No podía, desde luego, encontrarse material más apropiado para expresar los estados de ánimo de Beethoven en esta última época de su vida; estados que, por su perplejidad en cuanto a las palabras, podríamos llamar incluso "metafísicos". Y, aunque él mismo dijera en una ocasión a su primer violín que no se preocupaba, al componer, de las "miserables tripas de oveja" (téngase en cuenta que se trata de palabras transmitidas por la tradición oral y tal vez desfiguradas), lo cierto es que todas sus notas están escritas con un conocimiento acabado y verdaderamente sublime del alma de los instrumentos, y la posteridad ha podido conocer a través de sus mejores artistas una ejecución, sin duda alguna ideal, de lo que en un principio llegó a considerarse como algo imposible de llegar a ser tocado.

Como sucesores de los seis cuartetos op. 18, en los que tanto recuerda todavía a Haydn, y de los tres cuartetos op. 59, compuestos por encargo del embajador ruso, conde Rasumowsky, que pueden ser considerados como el más auténtico "Beethoven intermedio", van apareciendo ahora, en rápida sucesión, los "últimos" cuartetos de cuerda, al frente de los cuales y abriendo dignamente su progresión, aparece el cuarteto, indeciblemente expresivo, en Fa menor, op. 95.

Pero, ya en lo editado como op. 18, que en su conjunto debe incluirse por su carácter dentro del grupo de la música juguetona, muy complacida en su forma, inspirada por Mozart y Haydn, no faltan tampoco algunos momentos elevados como el Adagio affectuoso e appassionato del primero, en Fa mayor, que es como un sublime nocturno.

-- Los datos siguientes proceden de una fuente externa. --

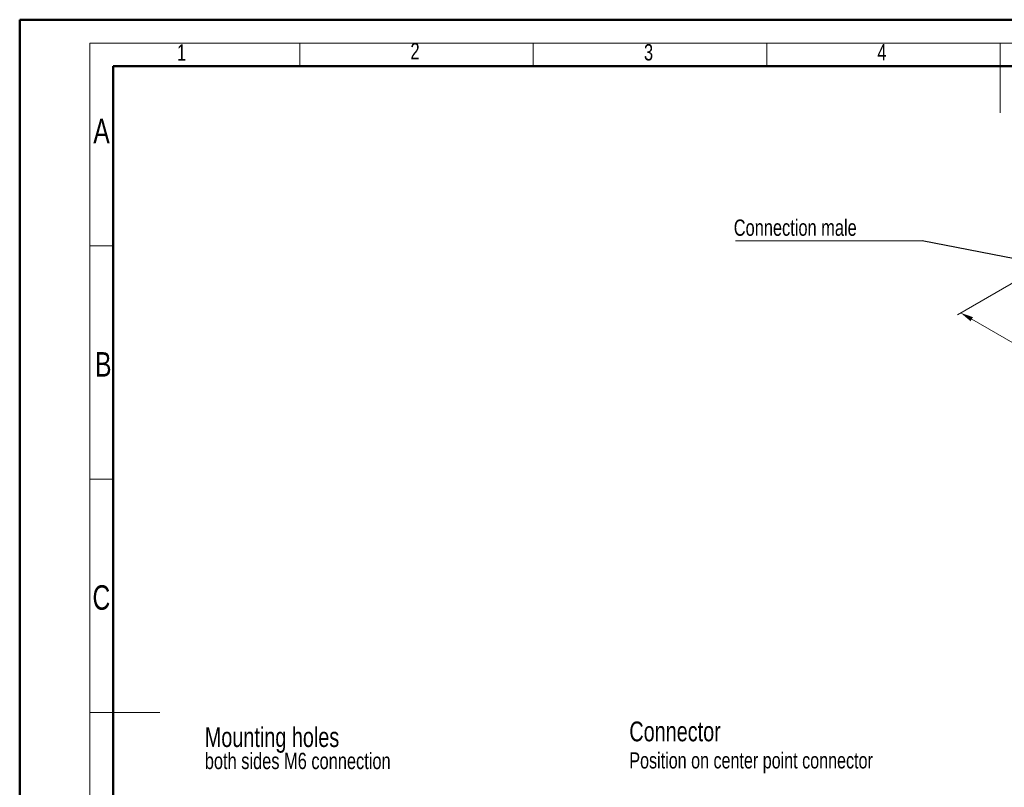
# Model space of a CAD drawing. Header units: millimetres. Extents: x 0 to 420, y 0 to 297.
# Tile 3 of 6: x 0 to 211, y 133 to 297. Entities that reach past the tile are written whole.
import ezdxf

# ---------------------------------------------------------------- set-up
doc = ezdxf.new("R2010")
doc.units = ezdxf.units.MM
doc.styles.add('SLDTEXTSTYLE0', font='TXT', dxfattribs={"width": 0.75})
doc.dimstyles.new('SLDDIMSTYLE6', dxfattribs={"dimtxt": 4, "dimasz": 3.302, "dimexe": 0, "dimexo": 0.0625, "dimgap": 1, "dimtad": 1, "dimlfac": 3, "dimrnd": 1e-09, "dimzin": 12, "dimdsep": 46, "dimtxsty": 'SLDTEXTSTYLE0', "dimsah": 1, "dimcen": 0.09, "dimadec": 0, "dimazin": 3, "dimtfac": 1, "dimtofl": 0, "dimtmove": 0, "dimatfit": 3, "dimfxl": 1, "dimfrac": 2, "dimtolj": 1, "dimtzin": 12, "dimarcsym": 0})
doc.dimstyles.new('SLDDIMSTYLE7', dxfattribs={"dimtxt": 0.18, "dimasz": 1.016, "dimexe": 0, "dimexo": 0.0625, "dimgap": 0, "dimtad": 0, "dimtih": 1, "dimtoh": 1, "dimdec": 0, "dimrnd": 1e-09, "dimzin": 0, "dimdsep": 46, "dimtxsty": 'Standard', "dimblk1": 'DOT', "dimblk2": 'DOT', "dimsah": 1, "dimcen": 0.09, "dimadec": 0, "dimazin": 0, "dimtfac": 1.016, "dimtdec": 0, "dimtofl": 0, "dimtmove": 0, "dimatfit": 3, "dimldrblk": 'DOT', "dimfxl": 1, "dimfrac": 2, "dimtolj": 1, "dimtzin": 0, "dimarcsym": 0})

# ---------------------------------------------------------------- blocks, each defined once
blk = doc.blocks.new('SW_NOTE_0')
at = {"color": 0, "linetype": 'Continuous', "lineweight": 0, "attachment_point": 1, "style": 'SLDTEXTSTYLE0'}
for s, insert, char_height in [('Mounting holes', (0, 5.46), 4.2333), ('both sides M6 connection', (0, -0.01), 3.5)]:
    blk.add_mtext(s, dxfattribs=dict(at, insert=insert, char_height=char_height))
blk = doc.blocks.new('SW_NOTE_1')
at = {"color": 0, "linetype": 'Continuous', "lineweight": 0, "attachment_point": 1, "style": 'SLDTEXTSTYLE0'}
for s, insert, char_height in [('Connector', (0, 5.46), 4.233), ('Position on center point connector', (0, -1.15), 3.4396)]:
    blk.add_mtext(s, dxfattribs=dict(at, insert=insert, char_height=char_height))
blk = doc.blocks.new('_D_9')
at = {"color": 7, "linetype": 'Continuous', "lineweight": 18}
for p, q in [((230.6, 251.06), (200.95, 233.95)), ((201.66, 234.35), (354.87, 145.91)), ((383.81, 162.62), (354.16, 145.5))]:
    blk.add_line(p, q, dxfattribs=at)
for points in [[(201.66, 234.35), (203.74, 232.57), (204.25, 233.45)], [(354.87, 145.91), (352.79, 147.7), (352.28, 146.82)]]:
    blk.add_solid(points, dxfattribs=at)
at = {"color": 7, "linetype": 'Continuous', "lineweight": 18, "insert": (275.7, 197.57), "char_height": 4, "attachment_point": 1, "rotation": 330.0027, "style": 'SLDTEXTSTYLE0'}
blk.add_mtext('650', dxfattribs=at)
blk = doc.blocks.new('SW_NOTE_3')
at = {"color": 0, "linetype": 'Continuous', "lineweight": 0}
blk.add_line((-39.95, 0), (0, 0), dxfattribs=at)
at = {"color": 0, "linetype": 'Continuous', "lineweight": 0, "insert": (-40.35, 4.55), "char_height": 3.5, "attachment_point": 1, "style": 'SLDTEXTSTYLE0'}
blk.add_mtext('Connection male', dxfattribs=at)
blk = doc.blocks.new('_DOT')
at = {"color": 0, "linetype": 'ByBlock', "lineweight": -2}
blk.add_line((-0.5, 0), (-1, 0), dxfattribs=at)
at = {"color": 0, "linetype": 'ByBlock', "const_width": 0.5}
blk.add_lwpolyline([(-0.25, 0, 1), (0.25, 0, 1)], format="xyb", close=True, dxfattribs=at)

msp = doc.modelspace()

# ---------------------------------------------------------------- linework, layer by layer
at = {"color": 7, "linetype": 'Continuous', "lineweight": 50}
for p, q in [((0.0788, 0.2148), (0.0788, 297.2148)), ((0.0788, 297.2148), (420.0788, 297.2148)), ((20.0788, 10.2148), (20.0788, 287.2148)), ((20.0788, 287.2148), (410.0788, 287.2148))]:
    msp.add_line(p, q, dxfattribs=at)
at = {"color": 7, "linetype": 'Continuous', "lineweight": 18}
for p, q in [((15.0788, 292.2148), (415.0788, 292.2148)), ((15.0788, 292.2148), (15.0788, 5.2148)), ((60.0788, 292.2148), (60.0788, 287.2148)), ((110.0788, 292.2148), (110.0788, 287.2148)), ((160.0788, 292.2148), (160.0788, 287.2148)), ((210.0788, 292.2148), (210.0788, 277.2148)), ((20.0788, 248.7148), (15.0788, 248.7148)), ((20.0788, 198.7148), (15.0788, 198.7148)), ((15.0788, 148.7148), (30.0788, 148.7148))]:
    msp.add_line(p, q, dxfattribs=at)

# ---------------------------------------------------------------- block references
at = {"color": 7, "linetype": 'Continuous', "lineweight": 0}
for name, p in [('SW_NOTE_3', (193.3737, 249.8351)), ('SW_NOTE_0', (39.7268, 140.0775)), ('SW_NOTE_1', (130.6575, 141.295))]:
    msp.add_blockref(name, p, dxfattribs=at)

# ---------------------------------------------------------------- texts
at = {"color": 7, "linetype": 'Continuous', "lineweight": 0, "attachment_point": 1, "style": 'SLDTEXTSTYLE0'}
for s, insert, char_height in [('1', (33.7803, 291.9372), 3.5), ('2', (83.7803, 292.2257), 3.5), ('3', (133.7968, 291.9735), 3.5), ('4', (183.7698, 291.9665), 3.5), ('A', (15.8491, 275.9681), 5.25), ('B', (16.2311, 225.9562), 5.25), ('C', (15.6703, 175.9748), 5.25)]:
    msp.add_mtext(s, dxfattribs=dict(at, insert=insert, char_height=char_height))

# ---------------------------------------------------------------- dimensions: what is measured, and where the dimension line sits
at = {"color": 7, "linetype": 'Continuous', "lineweight": 18}
dim = msp.add_linear_dim(base=(354.8667, 145.9108), p1=(231.3092, 251.471), p2=(384.5157, 163.0268), angle=330.002688, dimstyle='SLDDIMSTYLE6', dxfattribs=at)
dim.commit()
dim.dimension.update_dxf_attribs({"geometry": '_D_9', "text_midpoint": (276.9635, 190.8833), "dimtype": 160})

# ---------------------------------------------------------------- leaders
at = {"color": 7, "linetype": 'Continuous', "lineweight": 0}
msp.add_leader([(231.8592, 242.2557), (193.3737, 249.8351)], dimstyle='SLDDIMSTYLE7', dxfattribs=at)

doc.saveas('drawing.dxf')

El allegro turbulentamente iniciado del tercero, en Do menor, con su delicioso tema cantable, en mayor, merece ser señalado también, al igual que el tranquilo scherzo fugado. En el op. 59, I, en Fa mayor, nos cautiva el Allegretto scherzando, con su delicioso pianissimo-stacato, que parece anunciar ya a las sílfides del "Sueño de una noche de verano", de Mendelssohnn; en el segundo, en Mi menor, el espléndido adagio en mayor, que debe tocarse "con molto di sentimento"; en el tercero, en Do mayor, el final fugado, lleno de una magnífica vivacidad. En la fase de transición al "último" estilo de los cuartetos, nos encontramos también con el maravilloso op. 74 en Mi bemol mayor, con su primer tiempo, sublime en su tono elegiaco, y el scherzo en Do menor, turbulentamente agitado y como poseído de una prisa incansable, cuyo comienzo parece como una inquieta meditación sobre el motivo inicial de la Quinta Sinfonía, compuesta en el mismo tono.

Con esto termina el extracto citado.